If Reader.HasHeaderRow and Reader.UseHeaderNames, then the struct's field name must match one of the column names listed in the first row in the TSV input. The contents of the column with the matching name will be parsed into the struct field. By default, the column name is the struct's field name, but you can override it by setting `tsv:"columnname"` tag in the field.

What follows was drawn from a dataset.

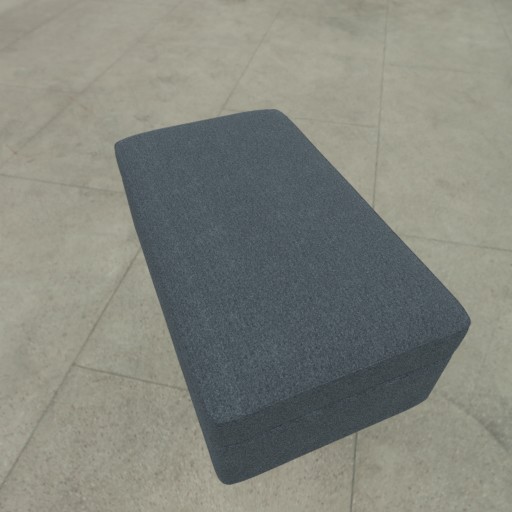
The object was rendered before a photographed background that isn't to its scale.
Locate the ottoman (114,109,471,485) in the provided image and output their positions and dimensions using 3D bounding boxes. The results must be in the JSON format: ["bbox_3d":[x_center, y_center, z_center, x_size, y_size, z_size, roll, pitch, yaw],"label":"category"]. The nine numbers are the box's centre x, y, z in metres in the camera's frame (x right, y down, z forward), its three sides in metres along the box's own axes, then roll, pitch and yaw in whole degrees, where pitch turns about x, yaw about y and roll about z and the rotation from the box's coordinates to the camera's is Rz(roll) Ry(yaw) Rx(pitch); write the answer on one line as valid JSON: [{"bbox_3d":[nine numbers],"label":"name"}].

Imagine the following row type:
type row struct { chr string `tsv:"chromo"` start int `tsv:"pos"` length int }
and the following TSV file:
| chromo | length | pos | chr1 | 1000 | 10 | chr2 | 950 | 20
The first Read() will return row{"chr1", 10, 1000}. The second Read() will return row{"chr2", 20, 950}.
type Writer ¶
type Writer struct {
// contains filtered or unexported fields
}
Writer provides an efficient and concise way to append a field at a time to a TSV. However, note that it does NOT have a Write() method; the interface is deliberately restricted.
We force this to fill at least one cacheline to prevent false sharing when make([]Writer, parallelism) is used.
func (*Writer) Copy ¶
Copy appends the entire contents of the given io.Reader (assumed to be another TSV file).
func (*Writer) EndCsv ¶
func (w *Writer) EndCsv()
EndCsv finishes the current comma-separated field, converting the last comma to a tab. It must be nonempty.

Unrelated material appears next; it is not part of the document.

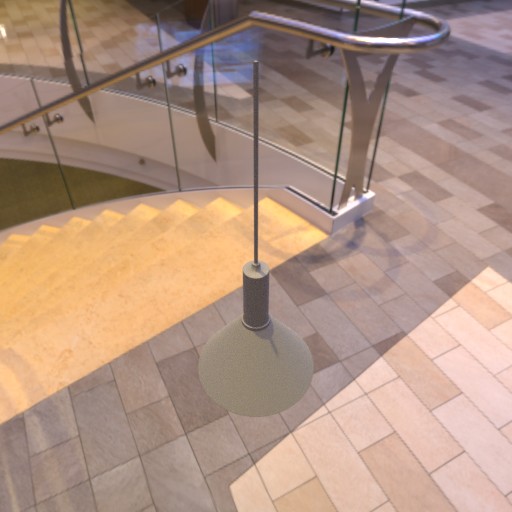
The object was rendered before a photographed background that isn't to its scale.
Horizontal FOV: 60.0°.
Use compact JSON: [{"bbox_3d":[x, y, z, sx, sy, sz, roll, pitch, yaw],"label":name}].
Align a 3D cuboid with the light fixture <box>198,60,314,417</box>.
[{"bbox_3d":[0.000,0.000,0.810,0.267,0.683,0.267,11,42,12],"label":"light fixture"}]

func (*Writer) WriteByte ¶
WriteByte appends the given literal byte (no number->string conversion) and a tab to the current line.

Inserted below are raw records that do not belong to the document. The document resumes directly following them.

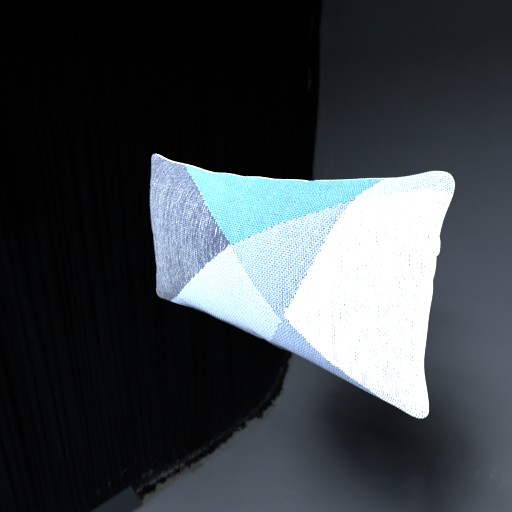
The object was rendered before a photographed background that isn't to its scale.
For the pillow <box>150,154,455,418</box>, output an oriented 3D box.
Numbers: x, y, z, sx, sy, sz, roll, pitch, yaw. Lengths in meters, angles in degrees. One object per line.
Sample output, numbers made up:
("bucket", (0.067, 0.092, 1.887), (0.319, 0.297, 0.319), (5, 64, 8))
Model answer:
("pillow", (0.000, 0.000, 0.717), (0.148, 0.307, 0.604), (-15, 22, -43))

func (*Writer) WriteBytes ¶
WriteBytes appends the given []byte and a tab to the current line.
func (*Writer) WriteCsvByte ¶
WriteCsvByte appends the given literal byte (no number->string conversion) and a comma to the current line.
func (*Writer) WriteCsvUint32 ¶
WriteCsvUint32 converts the given uint32 to a string, and appends that and a comma to the current line.
func (*Writer) WriteFloat64 ¶
WriteFloat64 converts the given float64 to a string with the given strconv.AppendFloat parameters, and appends that and a tab to the current line.
func (*Writer) WriteInt64 ¶
WriteInt64 converts the given int64 to a string, and appends that and a tab to the current line.
func (*Writer) WritePartialBytes ¶
WritePartialBytes appends a []byte WITHOUT the usual subsequent tab. It must be followed by a non-Partial Write at some point to end the field; otherwise EndLine will clobber the last character.
func (*Writer) WritePartialString ¶
WritePartialString appends a string WITHOUT the usual subsequent tab. It must be followed by a non-Partial Write at some point to end the field; otherwise EndLine will clobber the last character.
func (*Writer) WritePartialUint32 ¶
WritePartialUint32 converts the given uint32 to a string, and appends that WITHOUT the usual subsequent tab. It must be followed by a non-Partial Write at some point to end the field; otherwise EndLine will clobber the last character.
func (*Writer) WriteString ¶
WriteString appends the given string and a tab to the current line. (It is safe to use this to write multiple fields at a time.)
func (*Writer) WriteUint32 ¶
WriteUint32 converts the given uint32 to a string, and appends that and a tab to the current line.